2024-03-21 09:13 AM
I want to run AI machine vision applications using STCubeAI. After training the model with TensorFlow components, I obtained a tflite file. Then, I imported and analyzed the model using the CubeAI toolkit in STM32CubeMX, and subsequently generated CubeAI C code. The first strange phenomenon I encountered here is that, although I have configured the use of external RAM and external flash and specified addresses in the CubeAI section of CubeMX, the compiler still reports insufficient RAM during compilation in Keil. This indicates that the external RAM settings I configured in CubeAI did not take effect.
Despite setting the usage of external RAM as mentioned above, the generated code still throws an error indicating insufficient RAM
So I had to use the 'attribute' keyword to specify that some variables used by CubeAI should be stored in external RAM, which is inefficient and error-prone.

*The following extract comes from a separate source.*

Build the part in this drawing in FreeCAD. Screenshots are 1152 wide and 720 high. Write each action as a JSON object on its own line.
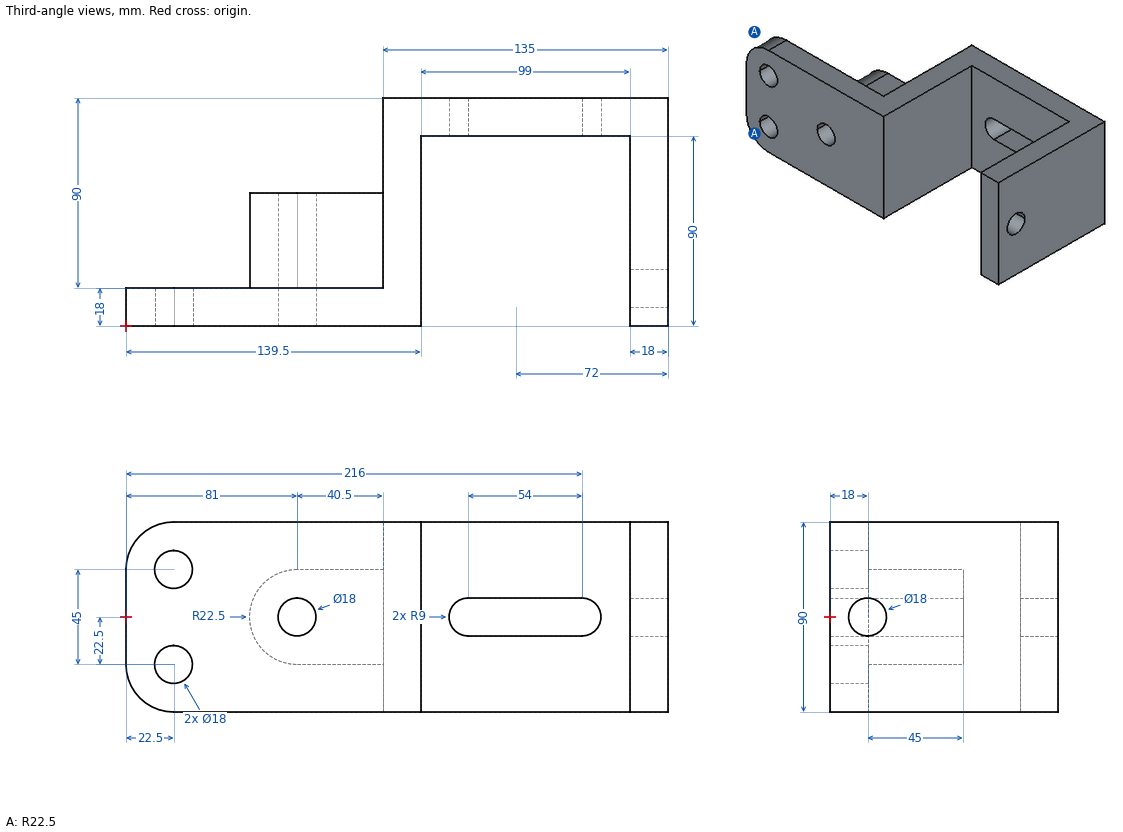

Then the program compiled successfully. However, at runtime, the program triggered a hard fault at the 'return ai_platform_network_process(network, input, output);' line and further debugging was not possible. By examining the call stack, it was evident that the issue occurred at 'st_sssa8_ch_convolve_rank1upd'. How should I troubleshoot this problem? A common suggestion is to confirm if CRC is enabled. The answer is yes, of course; STM32CubeMX now automatically enables CRC when using CubeAI.
/* Global handle to reference the instantiated C-model */
static ai_handle network = AI_HANDLE_NULL;
/* Global c-array to handle the activations buffer */
AI_ALIGNED(32)
static ai_u8 activations[AI_NETWORK_DATA_ACTIVATIONS_SIZE]__attribute__((at(0XC1200000))); //
/* Array to store the data of the input tensor */
AI_ALIGNED(32)
static ai_float in_data[AI_NETWORK_IN_1_SIZE]__attribute__((at(0XC1A00000))); //
/* or static ai_u8 in_data[AI_NETWORK_IN_1_SIZE_BYTES]; */
/* c-array to store the data of the output tensor */
AI_ALIGNED(32)
static ai_float out_data[AI_NETWORK_OUT_1_SIZE];
/* static ai_u8 out_data[AI_NETWORK_OUT_1_SIZE_BYTES]; */
/* Array of pointer to manage the model's input/output tensors */
static ai_buffer *ai_input;
static ai_buffer *ai_output;
int aiInit(void) {
ai_error err;
/* Create and initialize the c-model */
const ai_handle acts[] = { activations };
err = ai_network_create_and_init(&network, acts, NULL);
if (err.type != AI_ERROR_NONE) {};
/* Reteive pointers to the model's input/output tensors */
ai_input = ai_network_inputs_get(network, NULL);
ai_output = ai_network_outputs_get(network, NULL);
return 0;
}
int aiRun(const void *in_data, void *out_data) {
ai_i32 n_batch;
ai_error err;
/* 1 - Update IO handlers with the data payload */
ai_input[0].data = AI_HANDLE_PTR(in_data);
ai_output[0].data = AI_HANDLE_PTR(out_data);
/* 2 - Perform the inference */
n_batch = ai_network_run(network, &ai_input[0], &ai_output[0]);
if (n_batch != 1) {
err = ai_network_get_error(network);
};
return 0;
}
void main_loop()
{
/* The STM32 CRC IP clock should be enabled to use the network runtime library */
__HAL_RCC_CRC_CLK_ENABLE();
aiInit();
while (1)
{
/* 1 - Acquire, pre-process and fill the input buffers */
//acquire_and_process_data(in_data);
memcpy(in_data, in_buf, OUT_HEIGHT*OUT_WIDTH*3);
/* 2 - Call inference engine */
aiRun(in_data, out_data);
/* 3 - Post-process the predictions */
//post_process(out_data);
}
}
Solved! Go to Solution.
2024-03-25 01:00 AM
For activation buffer to be automatically allocated partially in external RAM you have to define memory pools where to specify the amount of internal memory that can be used and the amount of external memory.
In the generated code one array per memory pool will be defined.
Regards
2024-03-25 01:00 AM
For activation buffer to be automatically allocated partially in external RAM you have to define memory pools where to specify the amount of internal memory that can be used and the amount of external memory.
In the generated code one array per memory pool will be defined.
Regards
2024-03-25 01:08 AM
This is a minor issue; I have already addressed the memory allocation problem using the 'attribute at' keyword. The critical issue lies in the hard fault. I have ensured that the external SDRAM is available, performing full chip read/write verification three times every power-up. Even if the data type provided to it is incorrect and the allocated RAM space far exceeds the size required for the AI application, I can't think of any scenario that would lead to a hard fault.